(Required action) Return only that part of the material below which starts with the line containing "- canister [367,316,524,460]" and goes on through the line containing "0.421,0.178,0.905,0.143,0.014,0.201,18,46,3,notebook", restated exactly.

(Records for the task)
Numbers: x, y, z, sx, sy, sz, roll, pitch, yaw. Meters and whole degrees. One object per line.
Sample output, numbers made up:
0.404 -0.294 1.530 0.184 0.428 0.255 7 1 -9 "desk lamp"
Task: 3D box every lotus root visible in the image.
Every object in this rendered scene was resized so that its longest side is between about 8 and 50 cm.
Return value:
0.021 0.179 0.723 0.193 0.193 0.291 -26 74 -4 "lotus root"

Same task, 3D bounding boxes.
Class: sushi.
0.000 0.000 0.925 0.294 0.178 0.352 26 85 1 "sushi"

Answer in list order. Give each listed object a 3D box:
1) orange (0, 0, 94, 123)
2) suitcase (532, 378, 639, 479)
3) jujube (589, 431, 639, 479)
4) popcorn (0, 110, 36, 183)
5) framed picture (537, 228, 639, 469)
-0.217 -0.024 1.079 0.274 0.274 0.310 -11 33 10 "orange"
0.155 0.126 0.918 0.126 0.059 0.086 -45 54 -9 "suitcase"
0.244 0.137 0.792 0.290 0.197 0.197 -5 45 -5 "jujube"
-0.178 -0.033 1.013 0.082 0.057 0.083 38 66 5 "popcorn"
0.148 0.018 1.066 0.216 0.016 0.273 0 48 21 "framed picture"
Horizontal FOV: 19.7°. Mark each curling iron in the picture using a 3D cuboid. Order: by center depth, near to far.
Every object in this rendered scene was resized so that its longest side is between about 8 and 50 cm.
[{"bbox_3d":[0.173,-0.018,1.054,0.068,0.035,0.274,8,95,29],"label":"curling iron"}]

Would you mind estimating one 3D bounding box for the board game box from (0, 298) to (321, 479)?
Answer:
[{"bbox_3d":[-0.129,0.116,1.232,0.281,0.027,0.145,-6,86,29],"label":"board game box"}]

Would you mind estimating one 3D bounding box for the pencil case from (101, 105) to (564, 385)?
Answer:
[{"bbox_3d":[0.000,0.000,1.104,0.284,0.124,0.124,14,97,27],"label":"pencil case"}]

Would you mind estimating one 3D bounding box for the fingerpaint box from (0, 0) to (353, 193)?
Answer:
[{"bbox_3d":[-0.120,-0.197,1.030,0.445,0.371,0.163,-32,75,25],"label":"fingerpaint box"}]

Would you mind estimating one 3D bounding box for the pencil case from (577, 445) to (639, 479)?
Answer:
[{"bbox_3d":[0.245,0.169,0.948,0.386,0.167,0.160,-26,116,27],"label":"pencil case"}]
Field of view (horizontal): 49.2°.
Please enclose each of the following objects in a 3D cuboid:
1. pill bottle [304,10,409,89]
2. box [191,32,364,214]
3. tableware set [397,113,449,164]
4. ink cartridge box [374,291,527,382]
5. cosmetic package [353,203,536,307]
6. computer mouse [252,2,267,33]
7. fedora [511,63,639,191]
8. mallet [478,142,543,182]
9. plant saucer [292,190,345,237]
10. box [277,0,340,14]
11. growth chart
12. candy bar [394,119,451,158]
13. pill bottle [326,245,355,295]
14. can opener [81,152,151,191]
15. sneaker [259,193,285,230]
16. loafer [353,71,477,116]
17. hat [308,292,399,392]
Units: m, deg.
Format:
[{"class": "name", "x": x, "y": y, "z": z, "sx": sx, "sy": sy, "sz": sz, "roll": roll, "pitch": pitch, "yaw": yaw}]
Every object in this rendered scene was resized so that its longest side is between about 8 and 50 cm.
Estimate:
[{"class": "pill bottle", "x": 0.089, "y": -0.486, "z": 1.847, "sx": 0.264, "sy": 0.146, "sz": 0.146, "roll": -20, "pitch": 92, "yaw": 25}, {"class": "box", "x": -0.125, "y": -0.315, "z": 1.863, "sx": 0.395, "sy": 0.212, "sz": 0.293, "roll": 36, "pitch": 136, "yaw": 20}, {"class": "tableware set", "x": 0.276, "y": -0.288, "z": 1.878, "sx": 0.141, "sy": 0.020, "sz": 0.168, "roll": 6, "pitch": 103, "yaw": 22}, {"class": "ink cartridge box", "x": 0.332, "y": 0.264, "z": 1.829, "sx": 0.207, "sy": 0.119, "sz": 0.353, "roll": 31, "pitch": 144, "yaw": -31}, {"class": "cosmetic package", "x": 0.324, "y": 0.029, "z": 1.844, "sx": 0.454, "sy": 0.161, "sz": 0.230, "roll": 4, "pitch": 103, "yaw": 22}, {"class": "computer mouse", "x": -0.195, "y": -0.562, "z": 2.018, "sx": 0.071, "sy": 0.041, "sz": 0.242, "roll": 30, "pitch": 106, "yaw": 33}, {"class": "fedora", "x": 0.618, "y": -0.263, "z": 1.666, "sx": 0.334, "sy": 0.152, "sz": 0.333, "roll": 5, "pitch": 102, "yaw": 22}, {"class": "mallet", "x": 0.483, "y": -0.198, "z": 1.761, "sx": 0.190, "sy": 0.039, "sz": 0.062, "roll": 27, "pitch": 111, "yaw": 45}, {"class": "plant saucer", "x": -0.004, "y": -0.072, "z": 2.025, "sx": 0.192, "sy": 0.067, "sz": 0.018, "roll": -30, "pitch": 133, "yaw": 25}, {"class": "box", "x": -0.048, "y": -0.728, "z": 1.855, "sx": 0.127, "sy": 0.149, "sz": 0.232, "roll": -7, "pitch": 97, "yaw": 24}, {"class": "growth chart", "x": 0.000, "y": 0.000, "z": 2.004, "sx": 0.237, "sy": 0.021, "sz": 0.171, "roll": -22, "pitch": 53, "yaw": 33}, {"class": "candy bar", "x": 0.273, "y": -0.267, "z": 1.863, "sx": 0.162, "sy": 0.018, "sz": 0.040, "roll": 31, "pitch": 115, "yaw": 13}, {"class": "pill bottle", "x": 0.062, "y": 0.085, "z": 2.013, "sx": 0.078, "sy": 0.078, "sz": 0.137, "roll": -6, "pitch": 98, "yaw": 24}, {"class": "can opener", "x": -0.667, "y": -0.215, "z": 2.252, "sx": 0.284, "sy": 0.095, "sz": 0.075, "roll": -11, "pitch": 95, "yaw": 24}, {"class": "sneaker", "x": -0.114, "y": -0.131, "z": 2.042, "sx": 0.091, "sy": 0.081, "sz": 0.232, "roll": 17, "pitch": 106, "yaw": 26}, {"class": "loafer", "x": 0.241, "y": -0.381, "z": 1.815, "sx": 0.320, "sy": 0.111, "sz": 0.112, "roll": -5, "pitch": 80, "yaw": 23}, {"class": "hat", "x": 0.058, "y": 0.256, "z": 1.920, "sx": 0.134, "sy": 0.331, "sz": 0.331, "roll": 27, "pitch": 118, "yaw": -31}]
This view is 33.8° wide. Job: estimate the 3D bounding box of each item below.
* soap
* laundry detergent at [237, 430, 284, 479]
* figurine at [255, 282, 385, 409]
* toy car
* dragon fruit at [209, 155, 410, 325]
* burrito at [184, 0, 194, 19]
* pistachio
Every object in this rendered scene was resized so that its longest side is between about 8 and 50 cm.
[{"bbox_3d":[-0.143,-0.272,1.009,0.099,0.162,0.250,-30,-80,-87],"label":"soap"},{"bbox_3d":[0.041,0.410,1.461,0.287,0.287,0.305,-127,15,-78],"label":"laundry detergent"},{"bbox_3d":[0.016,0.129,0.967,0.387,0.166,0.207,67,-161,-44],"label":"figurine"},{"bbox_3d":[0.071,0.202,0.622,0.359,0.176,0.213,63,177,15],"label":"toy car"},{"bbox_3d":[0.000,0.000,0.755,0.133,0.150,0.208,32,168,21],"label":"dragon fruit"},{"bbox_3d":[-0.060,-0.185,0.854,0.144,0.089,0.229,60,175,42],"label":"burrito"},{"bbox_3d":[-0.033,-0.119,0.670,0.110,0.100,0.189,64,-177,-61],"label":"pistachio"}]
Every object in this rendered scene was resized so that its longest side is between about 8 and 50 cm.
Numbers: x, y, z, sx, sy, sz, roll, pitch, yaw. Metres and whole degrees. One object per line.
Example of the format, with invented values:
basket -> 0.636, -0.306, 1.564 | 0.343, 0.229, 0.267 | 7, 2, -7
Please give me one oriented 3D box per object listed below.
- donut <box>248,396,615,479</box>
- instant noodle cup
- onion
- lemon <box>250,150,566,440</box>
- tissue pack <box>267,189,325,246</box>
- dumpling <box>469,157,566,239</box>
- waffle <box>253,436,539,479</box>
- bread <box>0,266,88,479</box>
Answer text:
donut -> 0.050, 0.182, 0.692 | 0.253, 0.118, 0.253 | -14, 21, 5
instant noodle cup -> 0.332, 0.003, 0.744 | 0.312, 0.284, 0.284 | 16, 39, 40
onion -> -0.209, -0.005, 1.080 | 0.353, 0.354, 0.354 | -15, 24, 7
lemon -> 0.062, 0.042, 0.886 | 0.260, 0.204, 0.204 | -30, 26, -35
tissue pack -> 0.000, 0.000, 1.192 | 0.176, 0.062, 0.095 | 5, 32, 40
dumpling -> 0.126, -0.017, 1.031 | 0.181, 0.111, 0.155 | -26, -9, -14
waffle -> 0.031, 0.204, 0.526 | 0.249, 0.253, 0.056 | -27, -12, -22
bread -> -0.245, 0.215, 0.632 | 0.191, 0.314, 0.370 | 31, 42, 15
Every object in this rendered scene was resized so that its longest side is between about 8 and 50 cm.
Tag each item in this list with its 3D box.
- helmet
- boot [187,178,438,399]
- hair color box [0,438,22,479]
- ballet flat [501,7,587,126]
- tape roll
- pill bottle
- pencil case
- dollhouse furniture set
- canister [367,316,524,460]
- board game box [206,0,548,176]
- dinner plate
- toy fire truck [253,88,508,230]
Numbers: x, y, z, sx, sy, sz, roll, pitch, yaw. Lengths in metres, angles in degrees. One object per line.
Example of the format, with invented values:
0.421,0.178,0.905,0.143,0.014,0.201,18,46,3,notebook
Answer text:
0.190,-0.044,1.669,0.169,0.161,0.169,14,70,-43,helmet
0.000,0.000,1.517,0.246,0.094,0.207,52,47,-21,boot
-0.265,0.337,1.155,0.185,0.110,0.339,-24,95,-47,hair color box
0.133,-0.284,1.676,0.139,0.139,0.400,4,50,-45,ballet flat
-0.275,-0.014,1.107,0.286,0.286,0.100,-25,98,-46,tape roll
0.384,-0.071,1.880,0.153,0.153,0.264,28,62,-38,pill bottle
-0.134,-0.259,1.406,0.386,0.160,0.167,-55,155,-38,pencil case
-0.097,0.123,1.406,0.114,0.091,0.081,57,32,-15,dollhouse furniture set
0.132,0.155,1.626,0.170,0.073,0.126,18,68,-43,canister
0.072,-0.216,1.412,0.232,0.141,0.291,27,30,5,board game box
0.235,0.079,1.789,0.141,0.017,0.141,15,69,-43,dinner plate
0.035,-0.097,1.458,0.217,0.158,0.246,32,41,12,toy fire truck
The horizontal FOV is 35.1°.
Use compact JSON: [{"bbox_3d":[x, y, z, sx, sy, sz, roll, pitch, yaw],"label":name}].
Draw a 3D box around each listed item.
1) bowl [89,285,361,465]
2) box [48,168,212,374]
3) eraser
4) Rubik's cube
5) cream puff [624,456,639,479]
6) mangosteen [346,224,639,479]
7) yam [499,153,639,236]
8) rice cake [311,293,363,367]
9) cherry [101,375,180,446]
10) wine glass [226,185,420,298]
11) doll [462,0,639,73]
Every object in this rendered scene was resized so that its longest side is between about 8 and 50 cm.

(Solution)
- canister [367,316,524,460]
- board game box [206,0,548,176]
- dinner plate
- toy fire truck [253,88,508,230]
Numbers: x, y, z, sx, sy, sz, roll, pitch, yaw. Lengths in metres, angles in degrees. One object per line.
Example of the format, with invented values:
0.421,0.178,0.905,0.143,0.014,0.201,18,46,3,notebook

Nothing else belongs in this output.